Looking at various pipewall diameters and wall thickness, together with varying flow rates from 150 MMcf/d to 300 MMcf/d, Loth pointed out that while installation and production costs can vary depending on which flow regime is selected, a direct subsea tieback might only provide a partial development solution. Alternatively, other schemes, including floating production, tension leg platforms or spars, may also need to be considered.

He went on: "Subsea processing is slowly evolving to a useful technology, but current applications are small-scale." Equipment on the seafloor at present consists mainly of multi-phase pumps - of little use to wet gas fields, he suggested - plus units for removal and re-injection of produced water to reduce topsides processing requirements.

"Application of this technology might enable some extension of production, but the potential is limited at the current state of technology by several factors. Subsea separation at reasonable pressure may remove free liquids, but it will not remove the several thousands of barrels per million of liquid that could condense as the saturated gas moves towards the shore and pressure decreases while temperature increases."

Additionally, "Some of the hydraulic problems would be diminished, but the major threat of hydrate formation remains."

Pipeline designers are then encumbered by considerations concerning high discharge pressure at the landfall end of a pipeline, and with even relatively low decreases in arrival pressure, "the hydrodynamic losses increase to an extent that the net back pressure on the reservoir decreases very little."

And delivery of a lower-pressure gas from a subsea separator is not as promising, he said. "The final problem is power," Loth suggested. "The state of the art is such that subsea power consumers greater than a few megawatts, and the distribution and switching systems associated with them, have yet to be proven."

Subsea electrical equipment to produce this kind of power for subsea compression has yet to be developed, and therefore Loth said it would be prohibitively expensive.
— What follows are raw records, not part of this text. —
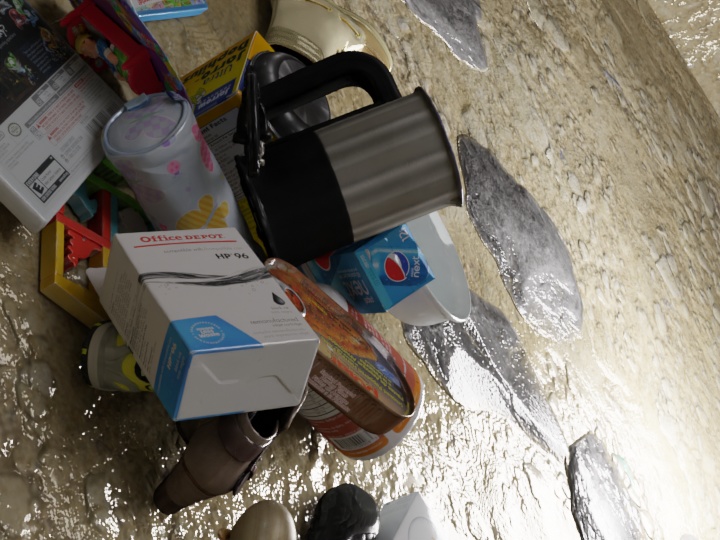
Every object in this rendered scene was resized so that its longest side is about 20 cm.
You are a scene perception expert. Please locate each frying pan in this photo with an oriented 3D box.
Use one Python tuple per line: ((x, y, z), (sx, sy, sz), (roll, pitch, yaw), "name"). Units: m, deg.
((-0.047, -0.133, 1.398), (0.192, 0.031, 0.115), (61, 30, -1), "frying pan")

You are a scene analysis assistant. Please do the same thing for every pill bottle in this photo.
((-0.035, 0.085, 1.382), (0.200, 0.111, 0.113), (47, 33, -31), "pill bottle")

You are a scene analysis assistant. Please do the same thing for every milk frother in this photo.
((-0.018, -0.110, 1.265), (0.200, 0.186, 0.183), (-176, -116, -83), "milk frother")

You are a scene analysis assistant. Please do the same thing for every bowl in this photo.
((0.038, -0.017, 1.596), (0.202, 0.090, 0.202), (54, 20, -29), "bowl")

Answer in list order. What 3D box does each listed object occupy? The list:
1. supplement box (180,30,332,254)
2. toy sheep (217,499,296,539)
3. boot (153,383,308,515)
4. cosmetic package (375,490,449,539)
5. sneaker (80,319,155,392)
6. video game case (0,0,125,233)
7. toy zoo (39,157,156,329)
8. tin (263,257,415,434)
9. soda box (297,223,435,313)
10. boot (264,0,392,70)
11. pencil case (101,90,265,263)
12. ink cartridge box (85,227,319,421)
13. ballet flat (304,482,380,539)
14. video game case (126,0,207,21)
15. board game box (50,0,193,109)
((-0.093, -0.120, 1.450), (0.200, 0.108, 0.110), (48, 32, -29), "supplement box")
((-0.068, 0.287, 1.146), (0.137, 0.136, 0.203), (16, 64, -55), "toy sheep")
((-0.098, 0.124, 1.202), (0.070, 0.146, 0.201), (42, 33, -12), "boot")
((0.068, 0.346, 1.417), (0.201, 0.051, 0.151), (58, 31, -12), "cosmetic package")
((-0.147, 0.073, 1.216), (0.199, 0.076, 0.077), (-15, 111, -56), "sneaker")
((-0.291, -0.147, 1.196), (0.182, 0.023, 0.201), (47, 32, -14), "video game case")
((-0.223, -0.020, 1.240), (0.131, 0.020, 0.202), (33, 41, -45), "toy zoo")
((-0.028, 0.069, 1.253), (0.200, 0.042, 0.112), (42, 15, -29), "tin")
((0.000, 0.000, 1.433), (0.064, 0.200, 0.068), (-32, 98, -19), "soda box")
((-0.039, -0.251, 1.686), (0.200, 0.072, 0.157), (42, 35, -34), "boot")
((-0.155, -0.062, 1.263), (0.091, 0.083, 0.201), (38, -20, 47), "pencil case")
((-0.132, 0.026, 1.138), (0.115, 0.069, 0.200), (-4, 36, -34), "ink cartridge box")
((-0.029, 0.260, 1.338), (0.066, 0.057, 0.200), (34, 25, 2), "ballet flat")
((-0.242, -0.356, 1.482), (0.202, 0.018, 0.143), (64, 27, -1), "video game case")
((-0.224, -0.192, 1.273), (0.159, 0.039, 0.200), (54, -14, -14), "board game box")
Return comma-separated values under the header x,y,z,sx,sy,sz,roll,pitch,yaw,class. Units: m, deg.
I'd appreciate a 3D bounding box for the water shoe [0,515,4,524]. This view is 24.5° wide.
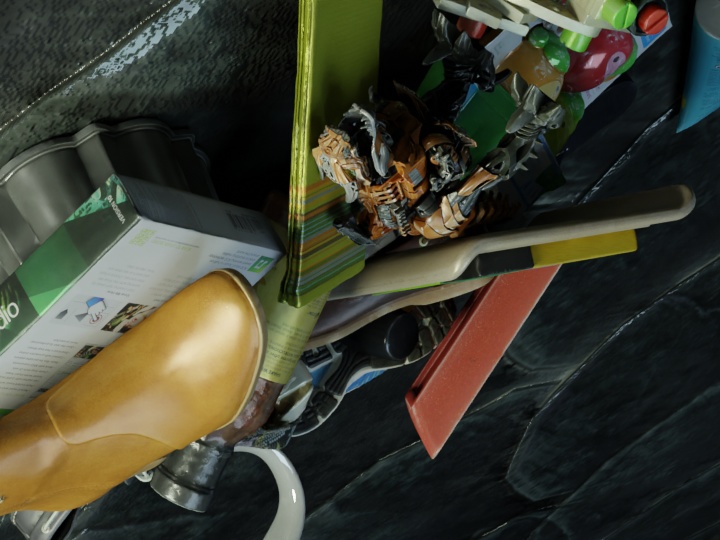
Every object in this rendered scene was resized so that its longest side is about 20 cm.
x,y,z,sx,sy,sz,roll,pitch,yaw,class
-0.258,0.141,1.139,0.199,0.079,0.072,-32,157,-3,water shoe

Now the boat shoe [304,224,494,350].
x,y,z,sx,sy,sz,roll,pitch,yaw,class
0.000,0.000,1.224,0.199,0.070,0.071,-22,118,-3,boat shoe

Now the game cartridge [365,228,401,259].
x,y,z,sx,sy,sz,roll,pitch,yaw,class
-0.043,-0.004,1.119,0.199,0.039,0.130,-34,-175,1,game cartridge

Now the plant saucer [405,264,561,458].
x,y,z,sx,sy,sz,roll,pitch,yaw,class
0.094,0.047,1.304,0.200,0.037,0.200,-57,180,-1,plant saucer

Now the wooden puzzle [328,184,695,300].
x,y,z,sx,sy,sz,roll,pitch,yaw,class
0.095,-0.012,1.099,0.199,0.038,0.185,-15,-178,-31,wooden puzzle

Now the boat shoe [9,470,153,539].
x,y,z,sx,sy,sz,roll,pitch,yaw,class
-0.178,0.144,1.270,0.199,0.063,0.073,-34,155,-2,boat shoe

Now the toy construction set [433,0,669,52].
x,y,z,sx,sy,sz,roll,pitch,yaw,class
0.133,-0.199,0.953,0.130,0.092,0.200,2,140,-38,toy construction set

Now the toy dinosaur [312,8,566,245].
x,y,z,sx,sy,sz,roll,pitch,yaw,class
0.043,-0.068,0.976,0.136,0.102,0.200,-53,170,8,toy dinosaur

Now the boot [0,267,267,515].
x,y,z,sx,sy,sz,roll,pitch,yaw,class
-0.145,0.079,0.890,0.143,0.071,0.201,-16,157,-42,boot

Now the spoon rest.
x,y,z,sx,sy,sz,roll,pitch,yaw,class
-0.111,0.128,1.215,0.099,0.200,0.061,2,-127,55,spoon rest

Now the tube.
x,y,z,sx,sy,sz,roll,pitch,yaw,class
0.283,-0.163,1.298,0.077,0.051,0.200,-29,162,-1,tube

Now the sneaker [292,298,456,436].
x,y,z,sx,sy,sz,roll,pitch,yaw,class
-0.014,0.059,1.336,0.199,0.079,0.090,-32,-176,-18,sneaker

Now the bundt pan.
x,y,z,sx,sy,sz,roll,pitch,yaw,class
-0.163,0.003,0.999,0.201,0.076,0.202,-28,156,-14,bundt pan

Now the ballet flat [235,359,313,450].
x,y,z,sx,sy,sz,roll,pitch,yaw,class
-0.069,0.089,1.162,0.072,0.072,0.200,-38,170,11,ballet flat

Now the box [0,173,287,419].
x,y,z,sx,sy,sz,roll,pitch,yaw,class
-0.153,0.032,0.927,0.200,0.036,0.144,-43,155,17,box

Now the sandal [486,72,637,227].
x,y,z,sx,sy,sz,roll,pitch,yaw,class
0.127,-0.080,1.253,0.200,0.043,0.076,-37,157,9,sandal

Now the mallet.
x,y,z,sx,sy,sz,roll,pitch,yaw,class
0.054,0.003,1.307,0.200,0.066,0.041,-43,130,-40,mallet

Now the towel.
x,y,z,sx,sy,sz,roll,pitch,yaw,class
-0.016,-0.084,0.945,0.086,0.018,0.201,-31,130,-57,towel

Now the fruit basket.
x,y,z,sx,sy,sz,roll,pitch,yaw,class
0.130,-0.127,1.105,0.200,0.094,0.185,-38,157,2,fruit basket

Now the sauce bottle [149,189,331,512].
x,y,z,sx,sy,sz,roll,pitch,yaw,class
-0.071,0.051,1.024,0.201,0.066,0.066,-64,153,1,sauce bottle
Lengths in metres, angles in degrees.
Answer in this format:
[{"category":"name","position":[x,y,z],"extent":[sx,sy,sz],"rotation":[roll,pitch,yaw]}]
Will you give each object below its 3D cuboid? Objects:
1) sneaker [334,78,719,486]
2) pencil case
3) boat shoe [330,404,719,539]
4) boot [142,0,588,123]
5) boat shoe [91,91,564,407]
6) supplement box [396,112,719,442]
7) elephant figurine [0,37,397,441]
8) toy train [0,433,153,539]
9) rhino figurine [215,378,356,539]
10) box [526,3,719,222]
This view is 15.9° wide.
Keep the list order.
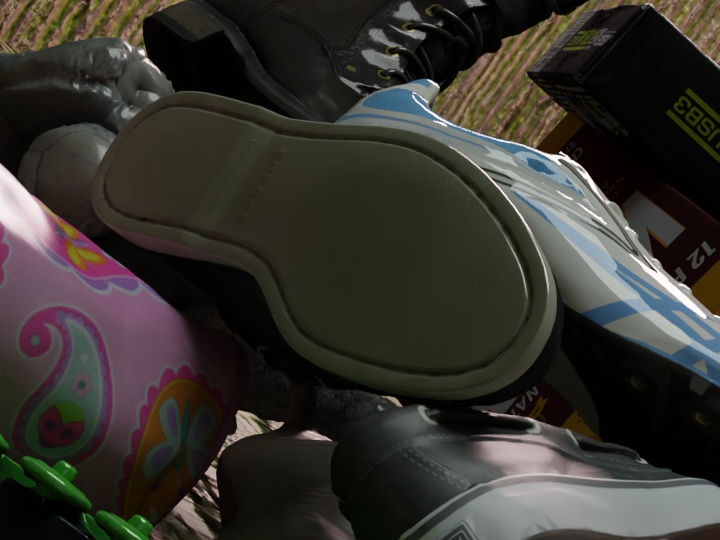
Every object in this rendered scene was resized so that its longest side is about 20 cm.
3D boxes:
[{"category":"sneaker","position":[0.072,0.005,0.816],"extent":[0.200,0.072,0.072],"rotation":[36,-28,16]},{"category":"pencil case","position":[-0.124,0.002,0.746],"extent":[0.200,0.087,0.087],"rotation":[42,-2,-29]},{"category":"boat shoe","position":[0.059,0.072,0.742],"extent":[0.057,0.069,0.200],"rotation":[52,16,25]},{"category":"boot","position":[0.030,-0.088,0.962],"extent":[0.200,0.174,0.069],"rotation":[44,-26,41]},{"category":"boat shoe","position":[-0.002,0.002,0.762],"extent":[0.199,0.075,0.066],"rotation":[17,-19,47]},{"category":"supplement box","position":[0.133,0.071,0.995],"extent":[0.197,0.133,0.200],"rotation":[41,3,-24]},{"category":"elephant figurine","position":[-0.091,0.005,0.983],"extent":[0.200,0.141,0.155],"rotation":[37,37,-49]},{"category":"toy train","position":[-0.068,0.082,0.663],"extent":[0.200,0.042,0.056],"rotation":[32,-11,32]},{"category":"rhino figurine","position":[-0.007,0.085,0.794],"extent":[0.087,0.060,0.200],"rotation":[31,14,-11]},{"category":"box","position":[0.159,-0.029,1.045],"extent":[0.193,0.048,0.200],"rotation":[44,2,-5]}]
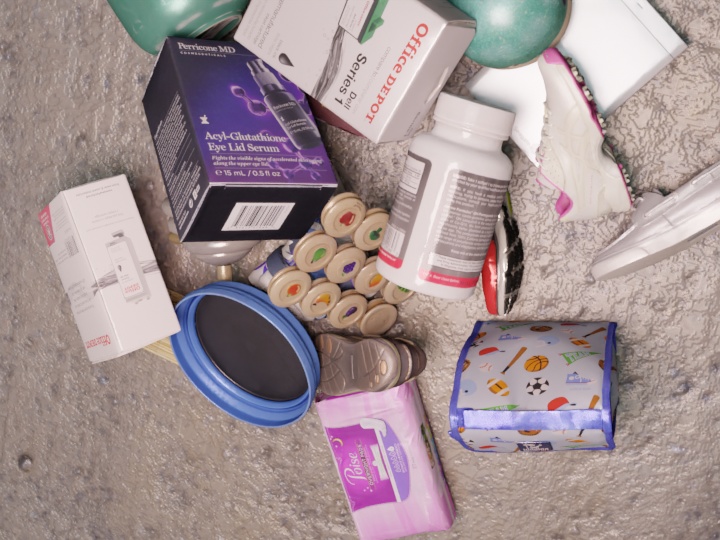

Surface facilities provide a much better development scenario.

A two-phased approach for a wet gas field, with a long distance pipeline in the initial stage of development and then a later surface facility, provides better overall recovery and economics.

"This has the immense advantage of creating an early revenue stream which supports the more costly remote surface facility and, not inconsequentially, provides early returns from the pipeline investment," he said.

But this isn't the final answer either, and all the factors from the reservoir reserves and pressure through to the landfall pipeline discharge pressure have to be taken into account when designing a development solution. And that depends, finally, on selling the production at an economic cost. "If the additional production cannot be sold, and sold in a timely manner, the most elegant engineering will not salvage the development," he noted.